BEGIN

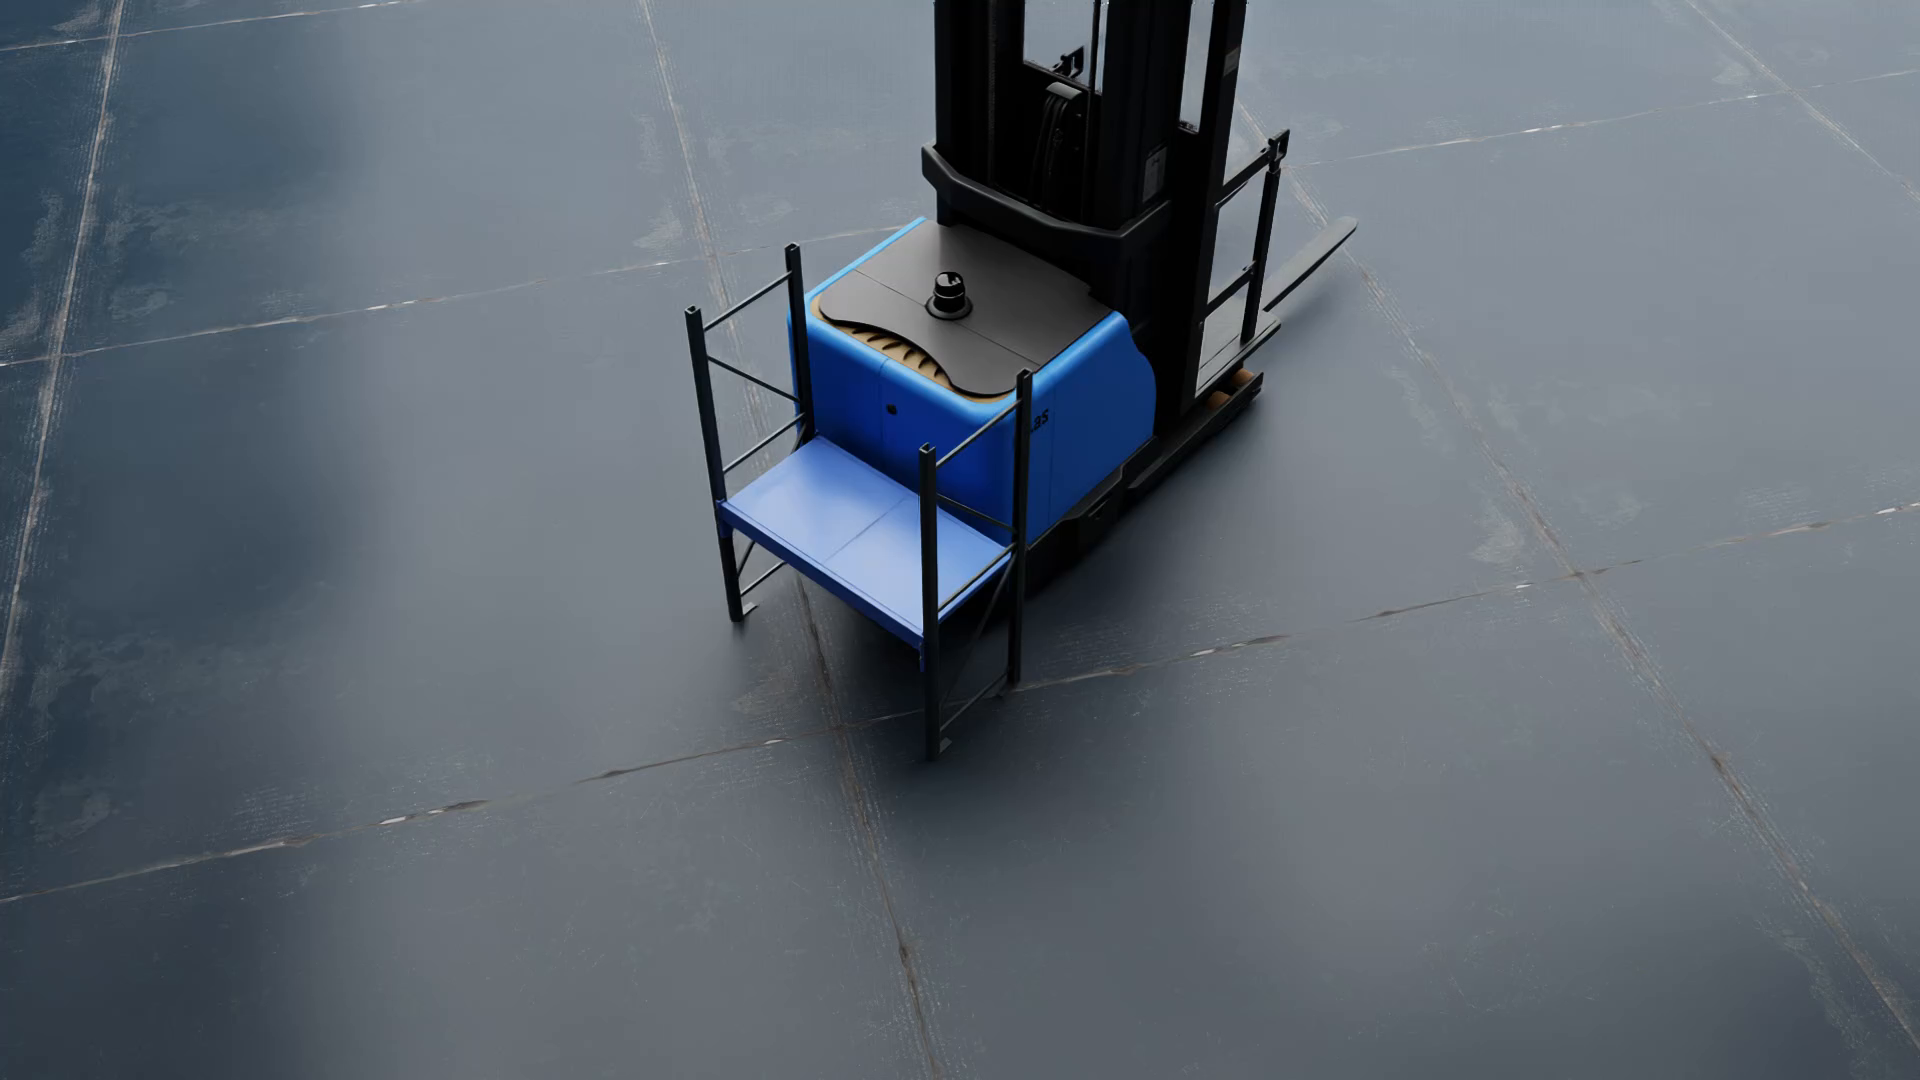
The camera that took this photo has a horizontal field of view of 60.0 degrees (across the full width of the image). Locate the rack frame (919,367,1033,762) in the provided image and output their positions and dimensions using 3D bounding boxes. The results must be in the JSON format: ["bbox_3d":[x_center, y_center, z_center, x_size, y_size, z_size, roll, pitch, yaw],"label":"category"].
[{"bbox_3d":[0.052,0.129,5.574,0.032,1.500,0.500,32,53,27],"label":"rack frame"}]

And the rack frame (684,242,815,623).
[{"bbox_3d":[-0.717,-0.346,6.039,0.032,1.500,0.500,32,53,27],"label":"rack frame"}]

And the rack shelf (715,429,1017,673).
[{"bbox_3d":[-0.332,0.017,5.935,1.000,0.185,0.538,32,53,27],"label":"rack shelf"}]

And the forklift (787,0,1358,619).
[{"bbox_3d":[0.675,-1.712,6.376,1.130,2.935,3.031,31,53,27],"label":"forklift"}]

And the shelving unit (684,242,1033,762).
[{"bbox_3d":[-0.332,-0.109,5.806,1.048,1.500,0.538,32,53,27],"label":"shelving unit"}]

END

What you should do
Without the pictures, return the whole of the data exactly as given.

Response
The camera that took this photo has a horizontal field of view of 60.0 degrees (across the full width of the image). Locate the rack frame (919,367,1033,762) in the provided image and output their positions and dimensions using 3D bounding boxes. The results must be in the JSON format: ["bbox_3d":[x_center, y_center, z_center, x_size, y_size, z_size, roll, pitch, yaw],"label":"category"].
[{"bbox_3d":[0.052,0.129,5.574,0.032,1.500,0.500,32,53,27],"label":"rack frame"}]

And the rack frame (684,242,815,623).
[{"bbox_3d":[-0.717,-0.346,6.039,0.032,1.500,0.500,32,53,27],"label":"rack frame"}]

And the rack shelf (715,429,1017,673).
[{"bbox_3d":[-0.332,0.017,5.935,1.000,0.185,0.538,32,53,27],"label":"rack shelf"}]

And the forklift (787,0,1358,619).
[{"bbox_3d":[0.675,-1.712,6.376,1.130,2.935,3.031,31,53,27],"label":"forklift"}]

And the shelving unit (684,242,1033,762).
[{"bbox_3d":[-0.332,-0.109,5.806,1.048,1.500,0.538,32,53,27],"label":"shelving unit"}]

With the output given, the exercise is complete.